# EXERCISE GOAL:
In the copy, include no pictures, but reproduce every record exactly.

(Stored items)
----
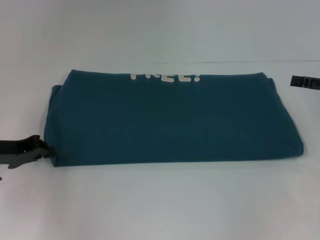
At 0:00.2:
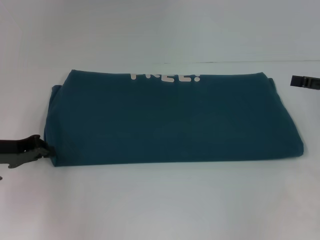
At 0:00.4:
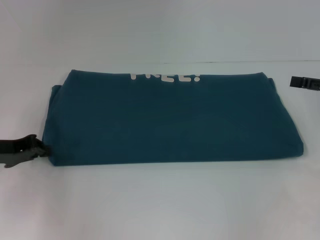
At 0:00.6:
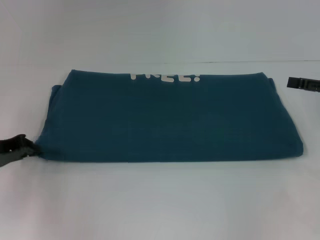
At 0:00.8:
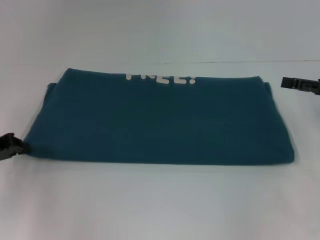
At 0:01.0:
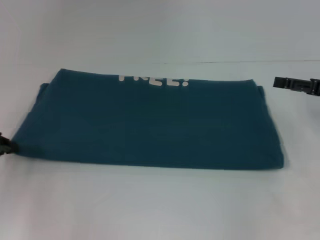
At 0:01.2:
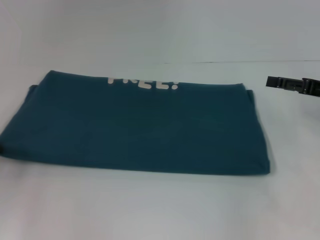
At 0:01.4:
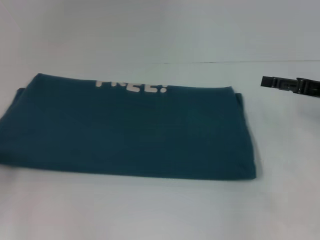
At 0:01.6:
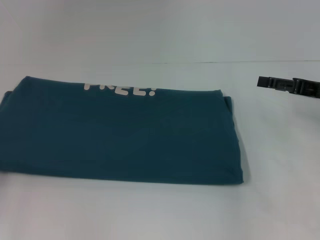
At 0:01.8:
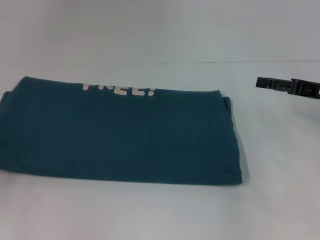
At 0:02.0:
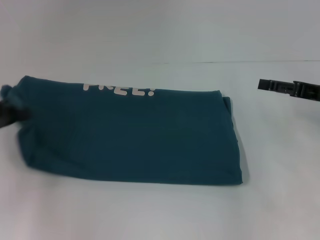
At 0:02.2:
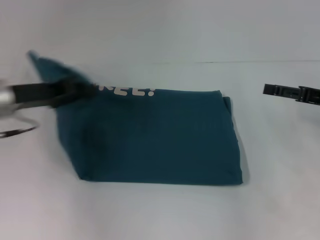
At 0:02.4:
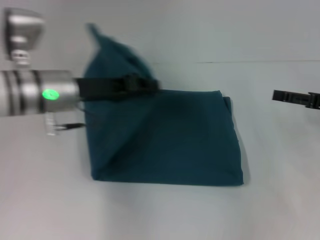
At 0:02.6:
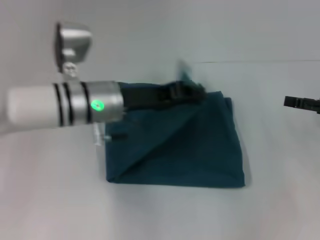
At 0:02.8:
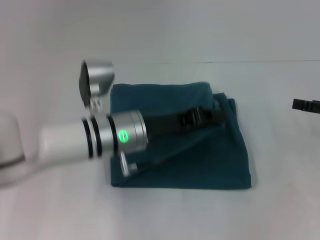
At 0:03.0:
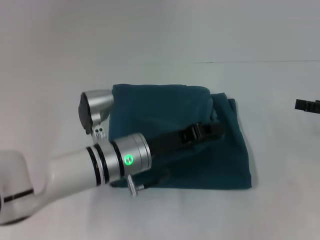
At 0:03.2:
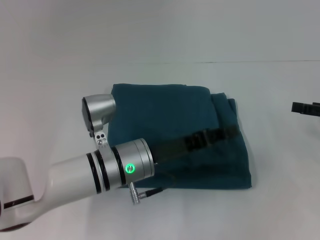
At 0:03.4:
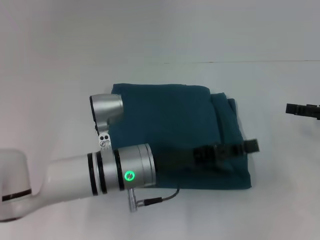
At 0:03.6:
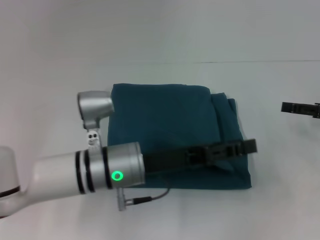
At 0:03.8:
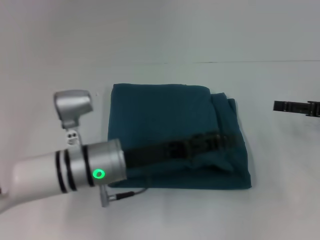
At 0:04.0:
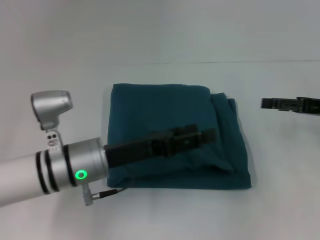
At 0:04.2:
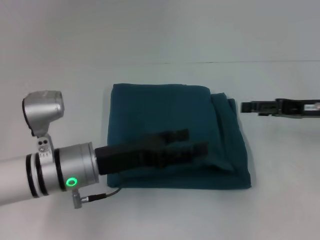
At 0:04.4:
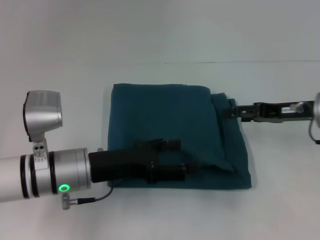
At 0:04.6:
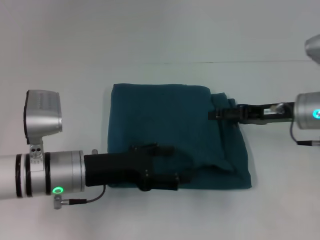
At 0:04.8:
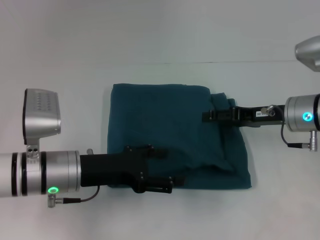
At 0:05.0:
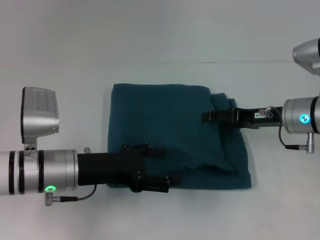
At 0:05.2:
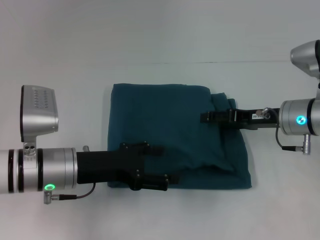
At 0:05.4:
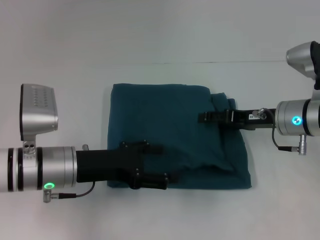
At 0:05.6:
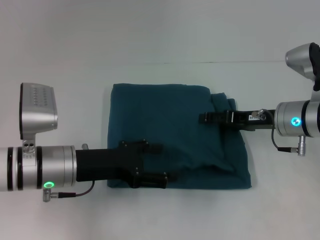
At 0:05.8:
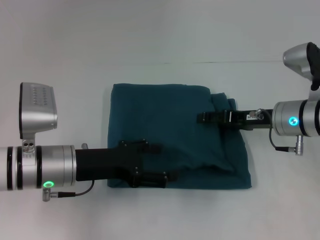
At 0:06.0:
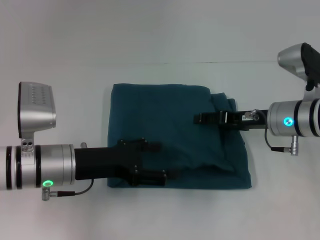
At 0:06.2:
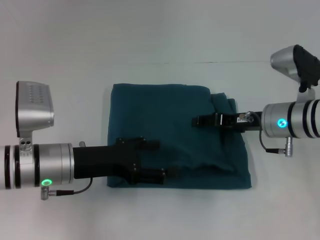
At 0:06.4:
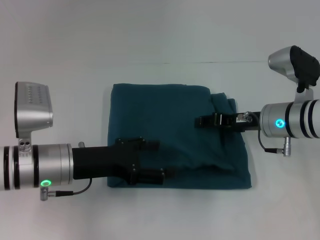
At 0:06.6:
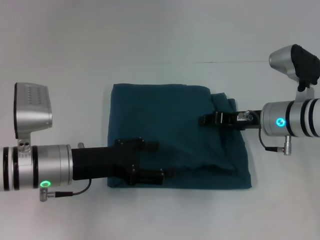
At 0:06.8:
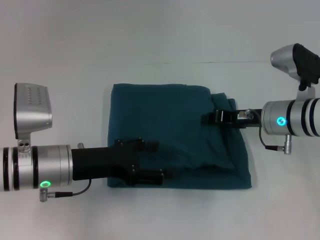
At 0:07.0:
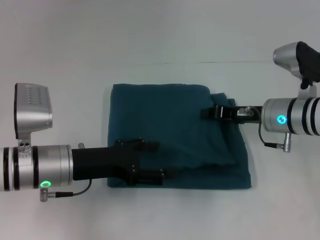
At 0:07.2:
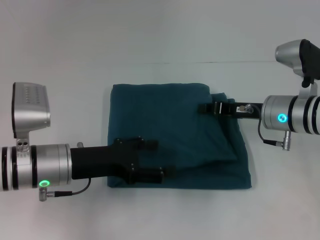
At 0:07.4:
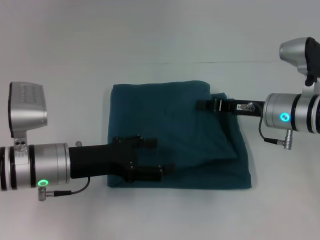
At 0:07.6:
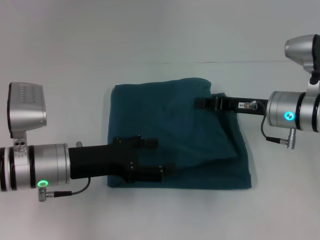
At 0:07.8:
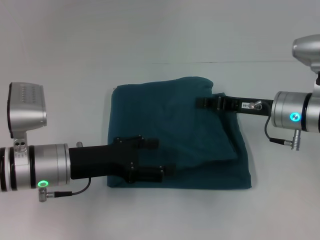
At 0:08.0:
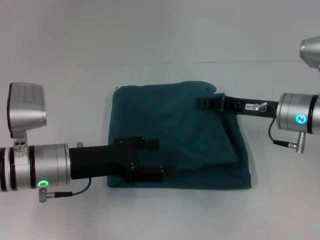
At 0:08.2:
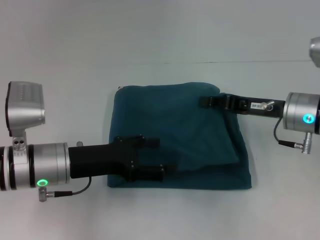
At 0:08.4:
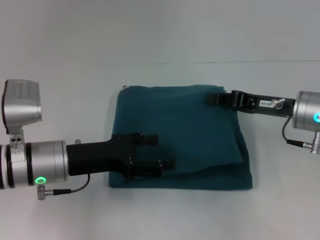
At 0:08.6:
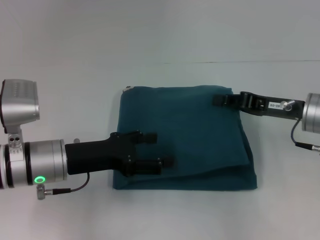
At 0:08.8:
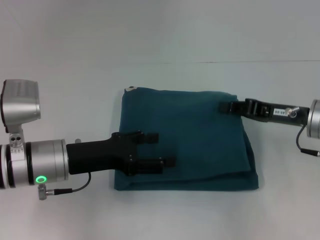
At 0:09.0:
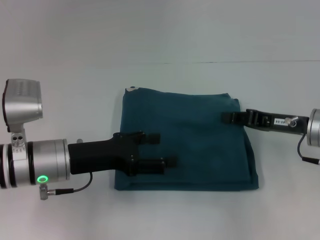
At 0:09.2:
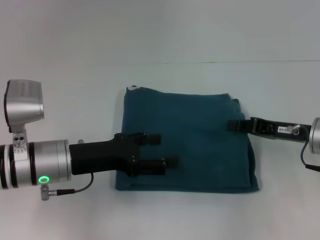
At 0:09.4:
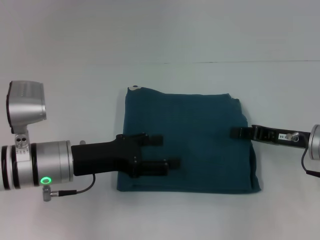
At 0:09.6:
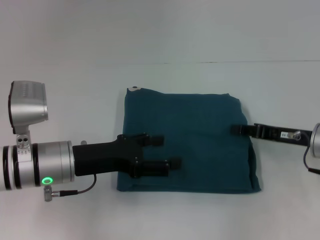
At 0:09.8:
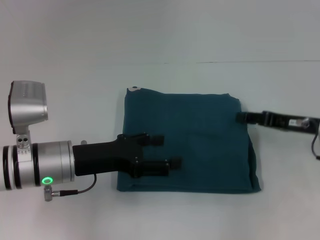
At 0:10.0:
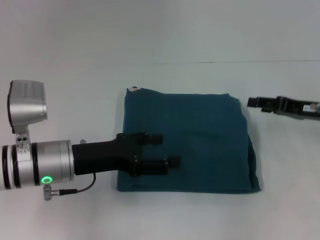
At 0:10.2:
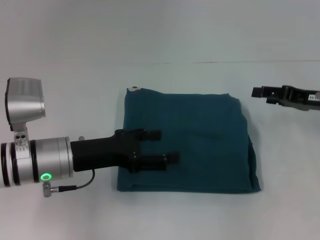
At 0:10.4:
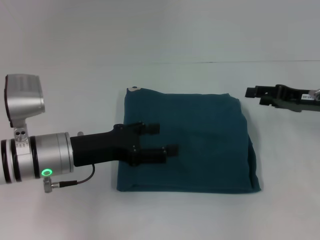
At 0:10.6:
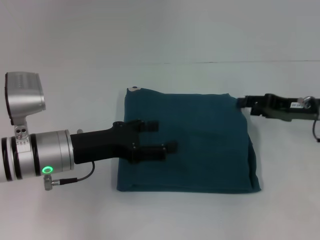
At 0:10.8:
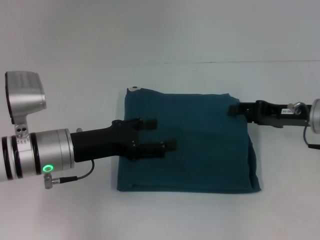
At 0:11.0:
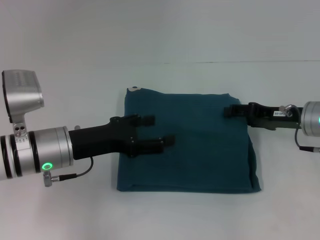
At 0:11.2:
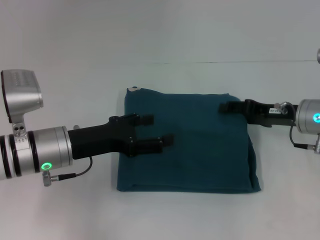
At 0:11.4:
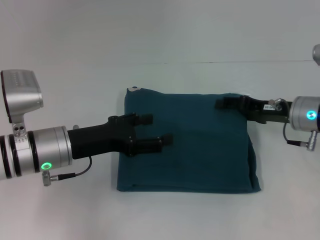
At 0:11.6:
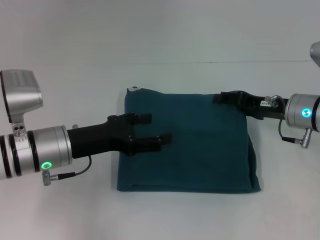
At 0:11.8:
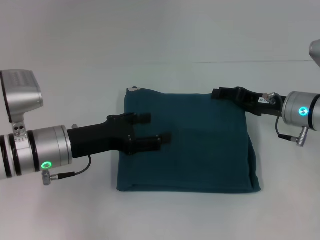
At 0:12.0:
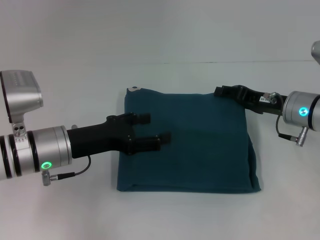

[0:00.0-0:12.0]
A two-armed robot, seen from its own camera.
Step, 0:00.0 to 0:03.4: Fold the clothes to the left.
0:00.0 to 0:01.6: The right gripper changes place by about 5 cm; the left gripper is displaced to the left by some 10 cm.
0:01.6 to 0:03.0: The right gripper shifts approximately 5 cm to the right, while the left gripper travels to the right by about 35 cm.
0:03.0 to 0:04.4: The two grippers go roughly 10 cm to the left. The left gripper opens up.
0:04.4 to 0:06.0: The right gripper goes approximately 5 cm to the left.
0:06.0 to 0:07.6: The right gripper closes up.
0:07.6 to 0:09.0: The right gripper moves to the right, roughly 5 cm.
0:09.0 to 0:10.4: The right gripper shifts by about 5 cm, and opens up.
0:10.4 to 0:12.0: The right gripper goes about 5 cm to the left.

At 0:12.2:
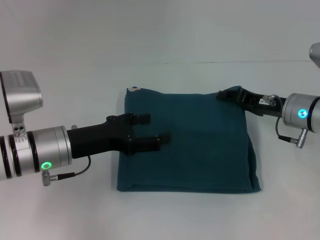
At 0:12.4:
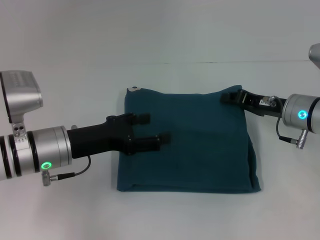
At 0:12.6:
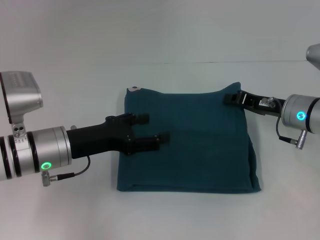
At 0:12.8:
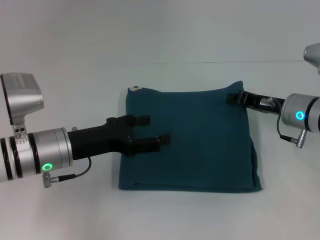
----
# ANSWER TO THIS TASK:
At 0:00.2:
At 0:00.4:
At 0:00.6:
At 0:00.8:
At 0:01.0:
At 0:01.2:
At 0:01.4:
At 0:01.6:
At 0:01.8:
At 0:02.0:
At 0:02.2:
At 0:02.4:
At 0:02.6:
At 0:02.8:
At 0:03.0:
At 0:03.2:
At 0:03.4:
At 0:03.6:
At 0:03.8:
At 0:04.0:
At 0:04.2:
At 0:04.4:
At 0:04.6:
At 0:04.8:
At 0:05.0:
At 0:05.2:
At 0:05.4:
At 0:05.6:
At 0:05.8:
At 0:06.0:
At 0:06.2:
At 0:06.4:
At 0:06.6:
At 0:06.8:
At 0:07.0:
At 0:07.2:
At 0:07.4:
At 0:07.6:
At 0:07.8:
At 0:08.0:
At 0:08.2:
At 0:08.4:
At 0:08.6:
At 0:08.8:
At 0:09.0:
At 0:09.2:
At 0:09.4:
At 0:09.6:
At 0:09.8:
At 0:10.0:
At 0:10.2:
At 0:10.4:
At 0:10.6:
At 0:10.8:
At 0:11.0:
At 0:11.2:
At 0:11.4:
At 0:11.6:
At 0:11.8:
At 0:12.0:

[0:00.0-0:12.0]
A two-armed robot, seen from its own camera.
Step, 0:00.0 to 0:03.4: Fold the clothes to the left.
0:00.0 to 0:01.6: The right gripper changes place by about 5 cm; the left gripper is displaced to the left by some 10 cm.
0:01.6 to 0:03.0: The right gripper shifts approximately 5 cm to the right, while the left gripper travels to the right by about 35 cm.
0:03.0 to 0:04.4: The two grippers go roughly 10 cm to the left. The left gripper opens up.
0:04.4 to 0:06.0: The right gripper goes approximately 5 cm to the left.
0:06.0 to 0:07.6: The right gripper closes up.
0:07.6 to 0:09.0: The right gripper moves to the right, roughly 5 cm.
0:09.0 to 0:10.4: The right gripper shifts by about 5 cm, and opens up.
0:10.4 to 0:12.0: The right gripper goes about 5 cm to the left.

At 0:12.2:
At 0:12.4:
At 0:12.6:
At 0:12.8:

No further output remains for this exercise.